* [Task statement]:
Beginning with the line that contains "- forklift (277,290,954,943)" in the material below, print each line exactly until the line that contains "euler=(8, 62, 4))" has been printed, then stop.

* [Information provided]:
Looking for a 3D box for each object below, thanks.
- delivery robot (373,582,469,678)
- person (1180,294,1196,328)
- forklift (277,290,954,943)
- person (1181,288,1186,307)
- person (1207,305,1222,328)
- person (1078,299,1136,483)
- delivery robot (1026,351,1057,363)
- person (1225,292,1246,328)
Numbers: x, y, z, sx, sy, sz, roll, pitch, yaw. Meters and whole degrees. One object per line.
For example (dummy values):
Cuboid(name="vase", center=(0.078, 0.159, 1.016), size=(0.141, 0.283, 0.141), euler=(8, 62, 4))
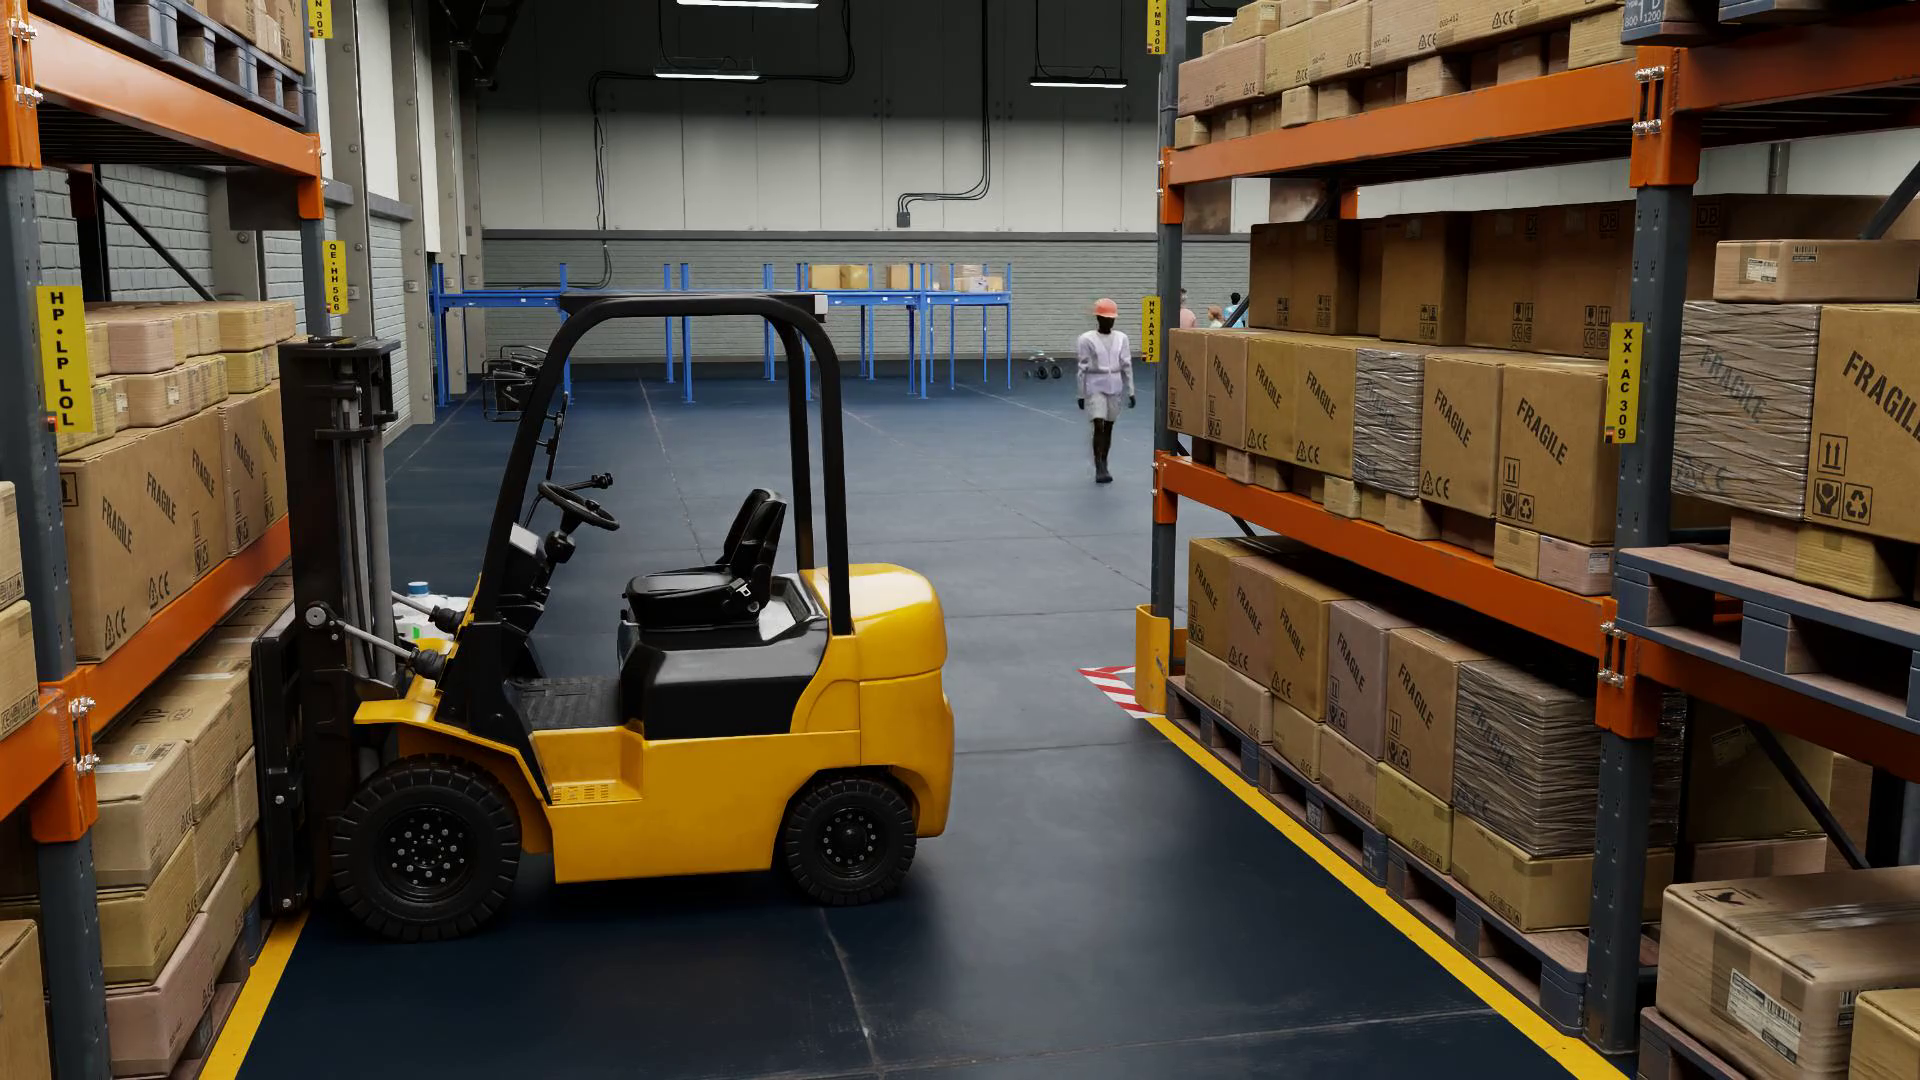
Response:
Cuboid(name="delivery robot", center=(-2.936, 0.470, 9.044), size=(0.477, 0.478, 0.707), euler=(1, 10, 8))
Cuboid(name="person", center=(3.243, -2.821, 25.160), size=(0.652, 1.904, 0.403), euler=(-5, 11, -28))
Cuboid(name="forklift", center=(-1.179, 0.175, 6.143), size=(2.313, 2.155, 1.214), euler=(-2, 10, -12))
Cuboid(name="person", center=(4.376, -4.037, 32.805), size=(0.961, 1.820, 0.510), euler=(9, 13, 42))
Cuboid(name="person", center=(4.081, -2.949, 26.742), size=(0.309, 1.638, 0.517), euler=(0, 9, 0))
Cuboid(name="person", center=(1.566, -1.538, 17.314), size=(0.564, 1.911, 0.774), euler=(-3, 10, -18))
Cuboid(name="delivery robot", center=(1.669, -3.737, 33.897), size=(0.335, 0.223, 0.698), euler=(-9, 13, -44))
Cuboid(name="person", center=(6.005, -4.557, 36.368), size=(0.537, 1.696, 0.318), euler=(-3, 10, -20))

* [Response area]:
- forklift (277,290,954,943)
- person (1181,288,1186,307)
- person (1207,305,1222,328)
- person (1078,299,1136,483)
- delivery robot (1026,351,1057,363)
- person (1225,292,1246,328)
Numbers: x, y, z, sx, sy, sz, roll, pitch, yaw. Meters and whole degrees. One object per line.
For example (dummy values):
Cuboid(name="vase", center=(0.078, 0.159, 1.016), size=(0.141, 0.283, 0.141), euler=(8, 62, 4))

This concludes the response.